DATA SECTION -
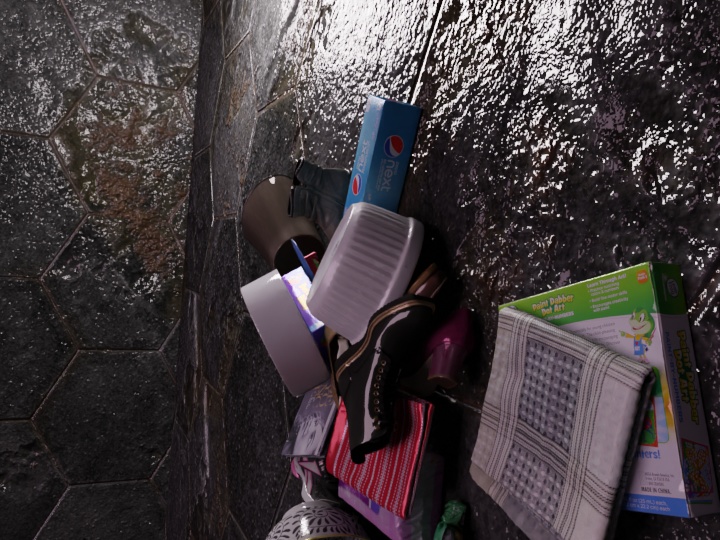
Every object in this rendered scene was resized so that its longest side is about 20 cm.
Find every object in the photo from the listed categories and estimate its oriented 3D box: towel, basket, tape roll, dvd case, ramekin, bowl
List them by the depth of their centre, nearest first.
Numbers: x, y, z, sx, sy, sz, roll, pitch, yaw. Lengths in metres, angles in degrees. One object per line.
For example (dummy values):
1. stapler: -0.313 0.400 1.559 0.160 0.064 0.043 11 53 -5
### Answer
1. towel: 0.170 0.153 0.565 0.192 0.034 0.203 29 112 62
2. towel: 0.018 0.229 0.814 0.199 0.022 0.147 2 76 59
3. ramekin: 0.000 0.000 0.865 0.201 0.104 0.202 -90 26 -72
4. bowl: -0.075 0.428 0.945 0.095 0.198 0.203 -113 37 -49
5. tape roll: -0.123 0.104 1.000 0.204 0.070 0.203 61 172 15
6. dvd case: -0.082 0.271 1.115 0.200 0.016 0.150 -30 34 60
7. basket: -0.160 -0.076 1.272 0.201 0.134 0.182 55 129 48

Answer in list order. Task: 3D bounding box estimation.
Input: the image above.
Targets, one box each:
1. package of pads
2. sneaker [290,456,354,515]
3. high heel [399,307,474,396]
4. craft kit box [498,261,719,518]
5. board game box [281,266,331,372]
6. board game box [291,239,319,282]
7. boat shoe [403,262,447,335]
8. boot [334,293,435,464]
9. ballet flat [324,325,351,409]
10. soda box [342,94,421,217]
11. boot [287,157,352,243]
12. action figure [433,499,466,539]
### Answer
1. package of pads: 0.040 0.295 0.860 0.199 0.075 0.123 2 84 64
2. sneaker: -0.068 0.357 1.079 0.199 0.079 0.088 29 101 56
3. high heel: 0.093 0.114 0.820 0.200 0.067 0.097 -27 39 62
4. craft kit box: 0.214 0.113 0.563 0.199 0.048 0.201 -27 65 61
5. board game box: -0.073 0.098 1.077 0.200 0.044 0.136 51 166 56
6. board game box: -0.065 0.024 1.100 0.202 0.039 0.158 67 171 -26
7. boat shoe: 0.074 0.069 0.845 0.070 0.070 0.201 44 140 10
8. boot: 0.039 0.137 0.753 0.201 0.076 0.140 -55 32 41
9. ballet flat: -0.016 0.172 0.944 0.072 0.067 0.203 -96 -3 -78
10. soda box: 0.031 -0.166 0.953 0.064 0.067 0.203 -134 53 -58
11. boot: -0.075 -0.095 1.092 0.067 0.129 0.204 6 92 64
12. action figure: 0.099 0.382 0.724 0.118 0.054 0.203 53 -134 -67
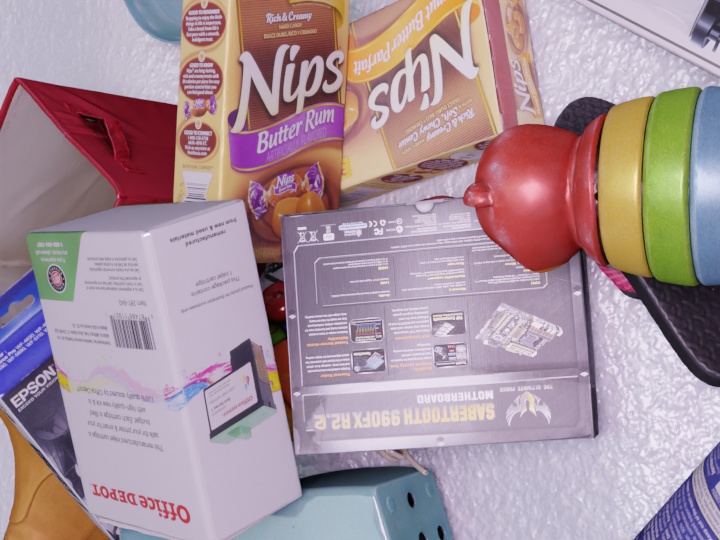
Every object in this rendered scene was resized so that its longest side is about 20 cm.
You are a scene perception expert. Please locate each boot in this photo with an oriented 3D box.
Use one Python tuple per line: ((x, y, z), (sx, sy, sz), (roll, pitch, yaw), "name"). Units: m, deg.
((-0.248, 0.172, 0.995), (0.145, 0.200, 0.071), (-56, 18, -4), "boot")

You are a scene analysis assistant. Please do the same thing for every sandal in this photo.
((0.171, -0.015, 0.792), (0.202, 0.074, 0.045), (62, 160, 16), "sandal")

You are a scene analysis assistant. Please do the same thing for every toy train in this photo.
((-0.052, 0.105, 0.923), (0.200, 0.115, 0.085), (48, 161, 44), "toy train")

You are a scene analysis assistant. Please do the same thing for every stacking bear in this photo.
((0.158, -0.042, 0.711), (0.197, 0.122, 0.115), (1, 114, 22), "stacking bear")

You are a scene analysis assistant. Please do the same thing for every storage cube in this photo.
((-0.194, -0.028, 1.045), (0.171, 0.179, 0.202), (43, 115, 34), "storage cube")

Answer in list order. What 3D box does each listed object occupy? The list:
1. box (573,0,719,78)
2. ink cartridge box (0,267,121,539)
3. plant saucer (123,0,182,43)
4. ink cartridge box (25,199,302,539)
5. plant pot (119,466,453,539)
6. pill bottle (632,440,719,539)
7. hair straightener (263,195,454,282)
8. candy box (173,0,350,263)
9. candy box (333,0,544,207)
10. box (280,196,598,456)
((0.202, -0.188, 0.771), (0.199, 0.060, 0.118), (37, 112, 37), "box")
((-0.196, 0.094, 0.932), (0.099, 0.201, 0.039), (-43, 34, -19), "ink cartridge box")
((-0.138, -0.292, 1.104), (0.198, 0.027, 0.203), (-1, 89, 42), "plant saucer")
((-0.128, 0.063, 0.849), (0.144, 0.083, 0.203), (1, 106, 46), "ink cartridge box")
((-0.038, 0.214, 0.918), (0.198, 0.141, 0.143), (-23, 80, 28), "plant pot")
((0.206, 0.173, 0.722), (0.112, 0.111, 0.201), (51, 120, 30), "pill bottle")
((0.000, 0.000, 0.960), (0.198, 0.041, 0.078), (-12, 81, 41), "hair straightener")
((-0.068, -0.107, 0.900), (0.056, 0.116, 0.203), (6, 96, 43), "candy box")
((0.030, -0.124, 0.927), (0.198, 0.055, 0.117), (-15, 79, 41), "candy box")
((0.051, 0.035, 0.850), (0.197, 0.048, 0.161), (-6, 85, 12), "box")
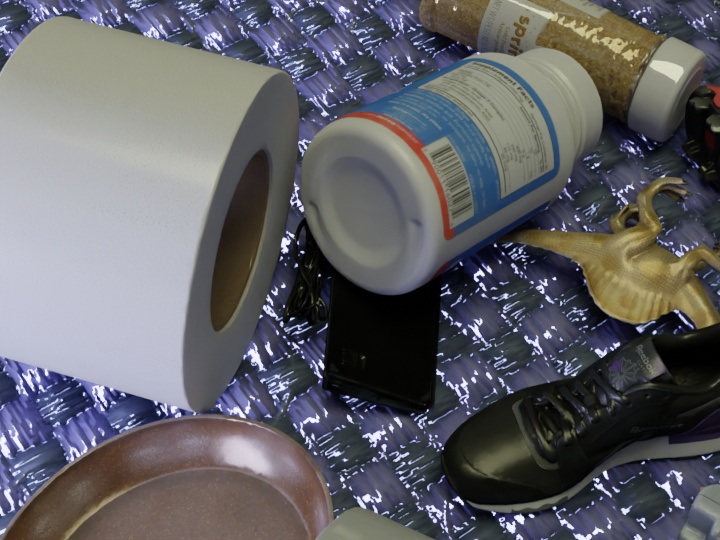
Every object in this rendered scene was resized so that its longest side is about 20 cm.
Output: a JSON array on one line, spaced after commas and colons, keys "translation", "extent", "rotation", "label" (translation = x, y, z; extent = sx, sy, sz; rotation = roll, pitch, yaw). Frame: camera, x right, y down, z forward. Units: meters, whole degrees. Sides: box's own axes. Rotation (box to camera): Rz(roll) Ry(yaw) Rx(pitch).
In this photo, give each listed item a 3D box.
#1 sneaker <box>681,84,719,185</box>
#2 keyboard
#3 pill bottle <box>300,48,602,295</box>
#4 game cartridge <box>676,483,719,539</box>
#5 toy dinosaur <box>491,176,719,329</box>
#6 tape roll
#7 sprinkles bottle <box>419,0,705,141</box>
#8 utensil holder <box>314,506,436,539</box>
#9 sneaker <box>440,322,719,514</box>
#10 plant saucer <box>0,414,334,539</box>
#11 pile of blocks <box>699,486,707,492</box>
[{"translation": [0.292, -0.052, 1.020], "extent": [0.097, 0.071, 0.201], "rotation": [-16, 53, -12], "label": "sneaker"}, {"translation": [0.000, 0.000, 1.001], "extent": [0.103, 0.040, 0.201], "rotation": [20, 49, -17], "label": "keyboard"}, {"translation": [0.065, -0.071, 0.989], "extent": [0.112, 0.113, 0.199], "rotation": [38, 43, 24], "label": "pill bottle"}, {"translation": [0.242, 0.197, 0.787], "extent": [0.199, 0.134, 0.041], "rotation": [30, 49, 18], "label": "game cartridge"}, {"translation": [0.169, -0.011, 0.992], "extent": [0.199, 0.058, 0.101], "rotation": [27, 57, 18], "label": "toy dinosaur"}, {"translation": [-0.130, -0.033, 0.906], "extent": [0.138, 0.204, 0.204], "rotation": [15, 53, 8], "label": "tape roll"}, {"translation": [0.140, -0.162, 1.100], "extent": [0.199, 0.069, 0.068], "rotation": [29, 56, 19], "label": "sprinkles bottle"}, {"translation": [0.051, 0.225, 0.737], "extent": [0.199, 0.171, 0.170], "rotation": [24, 55, 17], "label": "utensil holder"}, {"translation": [0.139, 0.073, 0.907], "extent": [0.198, 0.088, 0.076], "rotation": [-16, 55, -14], "label": "sneaker"}, {"translation": [-0.105, 0.162, 0.831], "extent": [0.198, 0.035, 0.201], "rotation": [-13, 40, 11], "label": "plant saucer"}, {"translation": [0.277, 0.167, 0.844], "extent": [0.198, 0.082, 0.063], "rotation": [10, 52, 5], "label": "pile of blocks"}]
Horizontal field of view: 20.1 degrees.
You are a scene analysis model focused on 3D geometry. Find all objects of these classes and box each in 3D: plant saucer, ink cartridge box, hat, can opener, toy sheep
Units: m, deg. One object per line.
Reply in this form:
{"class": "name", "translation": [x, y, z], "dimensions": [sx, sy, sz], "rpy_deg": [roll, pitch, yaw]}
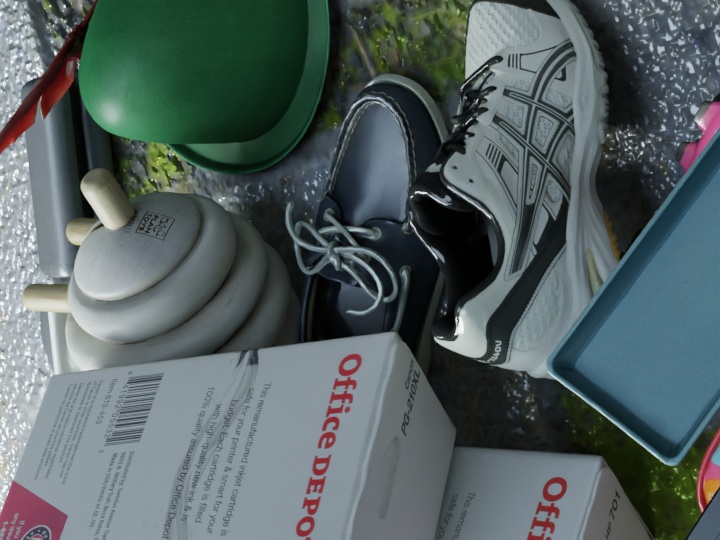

TO DO -
Copy out precisely the lines from the line with "Answer in list order. Task: 3D" to the line with "9. ballet flat [324,325,351,409]" in the material above, including those two lines and omitting all the rest.

RESULT -
Answer in list order. Task: 3D bounding box estimation.
Input: the image above.
Targets, one box each:
1. package of pads
2. sneaker [290,456,354,515]
3. high heel [399,307,474,396]
4. craft kit box [498,261,719,518]
5. board game box [281,266,331,372]
6. board game box [291,239,319,282]
7. boat shoe [403,262,447,335]
8. boot [334,293,435,464]
9. ballet flat [324,325,351,409]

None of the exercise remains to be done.